Overall, and bear in mind that this is early impressions, I am still happy about this watch. It slots nicely into a daily wearer/do anything watch role for me. This spot was previously held by my Hamilton, which the MKII will split time with.

And the bezel is aligned nicely. This is worth more than the action to me. If every time I look at a watch I am reminded that the bezel is misaligned, it can really ruin the watch experience for me.

I look forward to reading responses from more seasoned owners!

As for some of your questions:
- I find the size and weight comfortable. I have a 7.25" wrist. My ideal watch sizes are 38-42mm. 
- I'm left handed, so I do wear it on my right wrist. 
- Feels balanced not top heavy. 
- I chose aluminum bezel, since I think it bests fits the spirit of what this watch would have if it were released today as a "mark II". 
- Some may find the sterile dial off putting. I don't mind and like this, and am accustomed to this look from my Stowa (no logo, no date).

Here's mine for fun. The strap is an Erika Original MN that I picked up a couple years ago, and haven't been using much.


----------



## Leekster

Perfect!!

Thanks for the honest observations. Completely agree about bezel alignment. Drives me nuts if it's not perfect. 

Sent from my SM-N950U using Tapatalk


----------



## Paul Ramon

I too was infatuated with the Paradive before pulling the trigger since I've always been an admirer of the iconic Benrus Type I. I purchased my Gen 3 fat bar nearly 2 months ago from a forum member. I wear it most days and it has made it easy for me to reduce my "collection" and sell some watches I just didn't wear much. I'll answer your questions in order

The weight/balance/thickness is fine, I really don't notice it on wrist which is a good thing. I've worn it on an Erikas MN, a NATO, a Haveston, Kizzi NASA and the MKII rubber strap with no instability issues. For comparison, my other watches include a Seiko 6105 and 6306, a Doxa M31 (titanium), and a Marathon SAR. The Paradive wears just as well for me as they do.

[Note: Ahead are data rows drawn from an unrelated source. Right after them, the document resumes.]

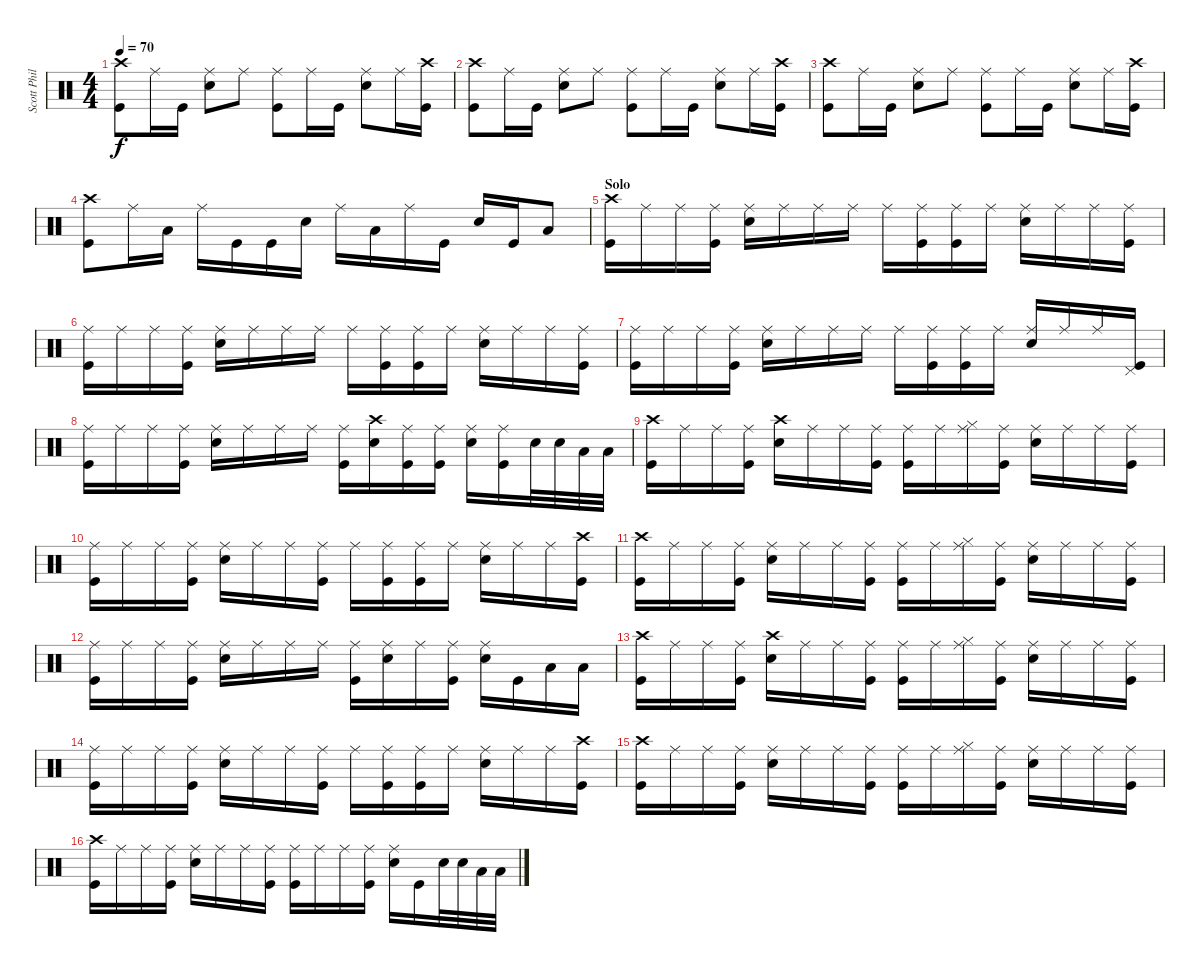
\track ("Scott Phillips" "Scott Phil") {instrument percussion}
\staff {score}
\articulation defaults
\ts (4 4)
\tempo 70
\clef neutral
\ks c
("Crash high (hit)" "Kick (hit)").8{dy f} "Ride (middle)".16 "Kick (hit)".16 ("Ride (middle)" "Snare (hit) 2").8 "Ride (middle)".8 ("Ride (middle)" "Kick (hit)").8 "Ride (middle)".16 "Kick (hit)".16 ("Ride (middle)" "Snare (hit) 2").8 "Ride (middle)".16 ("Crash high (hit)" "Kick (hit)").16 |
("Crash high (hit)" "Kick (hit)").8 "Ride (middle)".16 "Kick (hit)".16 ("Ride (middle)" "Snare (hit) 2").8 "Ride (middle)".8 ("Ride (middle)" "Kick (hit)").8 "Ride (middle)".16 "Kick (hit)".16 ("Ride (middle)" "Snare (hit) 2").8 "Ride (middle)".16 ("Crash high (hit)" "Kick (hit)").16 |
("Crash high (hit)" "Kick (hit)").8 "Ride (middle)".16 "Kick (hit)".16 ("Ride (middle)" "Snare (hit) 2").8 "Ride (middle)".8 ("Ride (middle)" "Kick (hit)").8 "Ride (middle)".16 "Kick (hit)".16 ("Ride (middle)" "Snare (hit) 2").8 "Ride (middle)".16 ("Crash high (hit)" "Kick (hit)").16 |
("Crash high (hit)" "Kick (hit)").8 "Ride (middle)".16 "Low Tom (hit)".16 "Ride (middle)".16 "Kick (hit)".16 "Kick (hit)".16 "Snare (hit) 2".16 "Ride (middle)".16 "Low Tom (hit)".16 "Ride (middle)".16 "Kick (hit)".16 "Snare (hit) 2".16 "Kick (hit)".16 "Low Tom (hit)".8 |
\section ("" "Solo")
("Crash high (hit)" "Kick (hit)").16 "Ride (middle)".16 "Ride (middle)".16 ("Ride (middle)" "Kick (hit)").16 ("Ride (middle)" "Snare (hit) 2").16 "Ride (middle)".16 "Ride (middle)".16 "Ride (middle)".16 "Ride (middle)".16 ("Ride (middle)" "Kick (hit)").16 ("Ride (middle)" "Kick (hit)").16 "Ride (middle)".16 ("Ride (middle)" "Snare (hit) 2").16 "Ride (middle)".16 "Ride (middle)".16 ("Ride (middle)" "Kick (hit)").16 |
("Ride (middle)" "Kick (hit)").16 "Ride (middle)".16 "Ride (middle)".16 ("Ride (middle)" "Kick (hit)").16 ("Ride (middle)" "Snare (hit) 2").16 "Ride (middle)".16 "Ride (middle)".16 "Ride (middle)".16 "Ride (middle)".16 ("Ride (middle)" "Kick (hit)").16 ("Ride (middle)" "Kick (hit)").16 "Ride (middle)".16 ("Ride (middle)" "Snare (hit) 2").16 "Ride (middle)".16 "Ride (middle)".16 ("Ride (middle)" "Kick (hit)").16 |
("Ride (middle)" "Kick (hit)").16 "Ride (middle)".16 "Ride (middle)".16 ("Ride (middle)" "Kick (hit)").16 ("Ride (middle)" "Snare (hit) 2").16 "Ride (middle)".16 "Ride (middle)".16 "Ride (middle)".16 "Ride (middle)".16 ("Ride (middle)" "Kick (hit)").16 ("Ride (middle)" "Kick (hit)").16 "Ride (middle)".16 ("Ride (middle)" "Snare (hit) 2").16 "Ride (middle)".16 "Ride (middle)".16 ("Pedal Hi-Hat (hit)" "Kick (hit)").16 |
("Ride (middle)" "Kick (hit)").16 "Ride (middle)".16 "Ride (middle)".16 ("Ride (middle)" "Kick (hit)").16 ("Ride (middle)" "Snare (hit) 2").16 "Ride (middle)".16 "Ride (middle)".16 "Ride (middle)".16 ("Ride (middle)" "Kick (hit)").16 ("Crash high (hit)" "Snare (hit) 2").16 ("Ride (middle)" "Kick (hit)").16 ("Ride (middle)" "Kick (hit)").16 ("Ride (middle)" "Snare (hit) 2").16 ("Ride (middle)" "Kick (hit)").16 "Snare (hit) 2".32 "Snare (hit) 2".32 "Low Tom (hit)".32 "Low Tom (hit)".32 |
("Crash high (hit)" "Kick (hit)").16 "Ride (middle)".16 "Ride (middle)".16 ("Ride (middle)" "Kick (hit)").16 ("Crash high (hit)" "Snare (hit) 2").16 "Ride (middle)".16 "Ride (middle)".16 ("Ride (middle)" "Kick (hit)").16 ("Ride (middle)" "Kick (hit)").16 "Ride (middle)".16 ("Ride (middle)" "Hi-Hat (closed)").16 ("Ride (middle)" "Kick (hit)").16 ("Ride (middle)" "Snare (hit) 2").16 "Ride (middle)".16 "Ride (middle)".16 ("Ride (middle)" "Kick (hit)").16 |
("Ride (middle)" "Kick (hit)").16 "Ride (middle)".16 "Ride (middle)".16 ("Ride (middle)" "Kick (hit)").16 ("Ride (middle)" "Snare (hit) 2").16 "Ride (middle)".16 "Ride (middle)".16 ("Ride (middle)" "Kick (hit)").16 "Ride (middle)".16 ("Ride (middle)" "Kick (hit)").16 ("Ride (middle)" "Kick (hit)").16 "Ride (middle)".16 ("Ride (middle)" "Snare (hit) 2").16 "Ride (middle)".16 "Ride (middle)".16 ("Crash high (hit)" "Kick (hit)").16 |
("Crash high (hit)" "Kick (hit)").16 "Ride (middle)".16 "Ride (middle)".16 ("Ride (middle)" "Kick (hit)").16 ("Ride (middle)" "Snare (hit) 2").16 "Ride (middle)".16 "Ride (middle)".16 ("Ride (middle)" "Kick (hit)").16 ("Ride (middle)" "Kick (hit)").16 "Ride (middle)".16 ("Ride (middle)" "Hi-Hat (closed)").16 ("Ride (middle)" "Kick (hit)").16 ("Ride (middle)" "Snare (hit) 2").16 "Ride (middle)".16 "Ride (middle)".16 ("Ride (middle)" "Kick (hit)").16 |
("Ride (middle)" "Kick (hit)").16 "Ride (middle)".16 "Ride (middle)".16 ("Ride (middle)" "Kick (hit)").16 ("Ride (middle)" "Snare (hit) 2").16 "Ride (middle)".16 "Ride (middle)".16 "Ride (middle)".16 ("Ride (middle)" "Kick (hit)").16 ("Ride (middle)" "Snare (hit) 2").16 "Ride (middle)".16 ("Ride (middle)" "Kick (hit)").16 ("Ride (middle)" "Snare (hit) 2").16 "Kick (hit)".16 "Low Tom (hit)".16 "Low Tom (hit)".16 |
("Crash high (hit)" "Kick (hit)").16 "Ride (middle)".16 "Ride (middle)".16 ("Ride (middle)" "Kick (hit)").16 ("Crash high (hit)" "Snare (hit) 2").16 "Ride (middle)".16 "Ride (middle)".16 ("Ride (middle)" "Kick (hit)").16 ("Ride (middle)" "Kick (hit)").16 "Ride (middle)".16 ("Ride (middle)" "Hi-Hat (closed)").16 ("Ride (middle)" "Kick (hit)").16 ("Ride (middle)" "Snare (hit) 2").16 "Ride (middle)".16 "Ride (middle)".16 ("Ride (middle)" "Kick (hit)").16 |
("Ride (middle)" "Kick (hit)").16 "Ride (middle)".16 "Ride (middle)".16 ("Ride (middle)" "Kick (hit)").16 ("Ride (middle)" "Snare (hit) 2").16 "Ride (middle)".16 "Ride (middle)".16 ("Ride (middle)" "Kick (hit)").16 "Ride (middle)".16 ("Ride (middle)" "Kick (hit)").16 ("Ride (middle)" "Kick (hit)").16 "Ride (middle)".16 ("Ride (middle)" "Snare (hit) 2").16 "Ride (middle)".16 "Ride (middle)".16 ("Crash high (hit)" "Kick (hit)").16 |
("Crash high (hit)" "Kick (hit)").16 "Ride (middle)".16 "Ride (middle)".16 ("Ride (middle)" "Kick (hit)").16 ("Ride (middle)" "Snare (hit) 2").16 "Ride (middle)".16 "Ride (middle)".16 ("Ride (middle)" "Kick (hit)").16 ("Ride (middle)" "Kick (hit)").16 "Ride (middle)".16 ("Ride (middle)" "Hi-Hat (closed)").16 ("Ride (middle)" "Kick (hit)").16 ("Ride (middle)" "Snare (hit) 2").16 "Ride (middle)".16 "Ride (middle)".16 ("Ride (middle)" "Kick (hit)").16 |
("Crash high (hit)" "Kick (hit)").16 "Ride (middle)".16 "Ride (middle)".16 ("Ride (middle)" "Kick (hit)").16 ("Ride (middle)" "Snare (hit) 2").16 "Ride (middle)".16 "Ride (middle)".16 ("Ride (middle)" "Kick (hit)").16 ("Ride (middle)" "Kick (hit)").16 "Ride (middle)".16 "Ride (middle)".16 ("Ride (middle)" "Kick (hit)").16 ("Ride (middle)" "Snare (hit) 2").16 "Kick (hit)".16 "Snare (hit) 2".32 "Snare (hit) 2".32 "Low Tom (hit)".32 "Low Tom (hit)".32
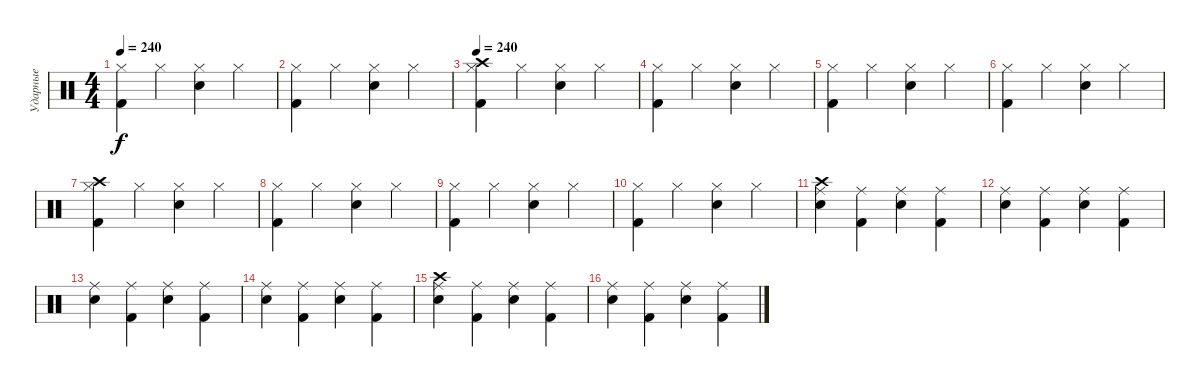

The crown definitely does not stick out too far. I even think it could be a bit larger without presenting a problem.

I have the acrylic insert. I have a thread here in the MKII forum asking Paradive owners if they are happy with their insert choice. I worried acrylic might be scratch prone but I've found mine to be just fine and I don't baby it. If you're a fan of lumed inserts the acrylic would be your choice. The Benrus also had an acrylic insert and even considering the age and wear & tear on those remaining pieces I think most I've seen have held up fairly well.

Definitely a daily wearer for me but I pretty much knew that before buying. The fat bar feature is important for me with its additional security. The Paradive is just a bit larger than the Blackwater, Benrus and the Issued Adanac Navigator which I owned and sold upon my Paradive purchase. My wrist is roughly 8 in. so ymmv but I think most folks with an average size wrist won't have any problem at all with it.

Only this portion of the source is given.